REQUIREMENT
Copy out all the lines in the records that include the word "image".

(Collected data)
★ ★ ★ ★ ★
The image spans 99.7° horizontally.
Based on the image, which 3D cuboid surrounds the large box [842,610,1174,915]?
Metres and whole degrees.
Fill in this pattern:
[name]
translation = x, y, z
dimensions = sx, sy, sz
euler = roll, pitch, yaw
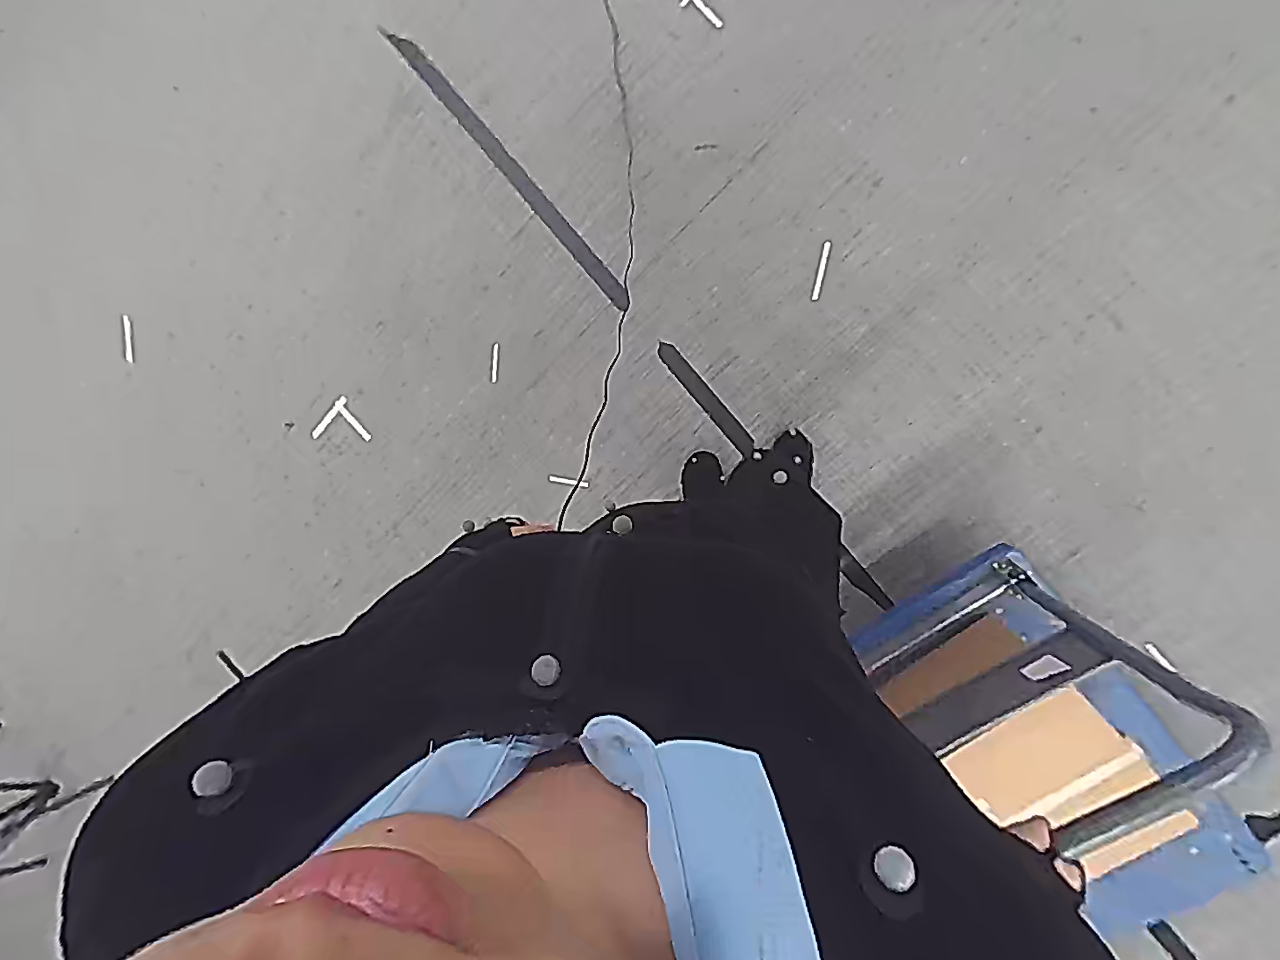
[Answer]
[large box]
translation = 0.690, 0.545, 1.102
dimensions = 0.408, 0.320, 0.320
euler = -43, 87, 15
★ ★ ★ ★ ★
WORKED SOLUTION
The image spans 99.7° horizontally.
Based on the image, which 3D cuboid surrounds the large box [842,610,1174,915]?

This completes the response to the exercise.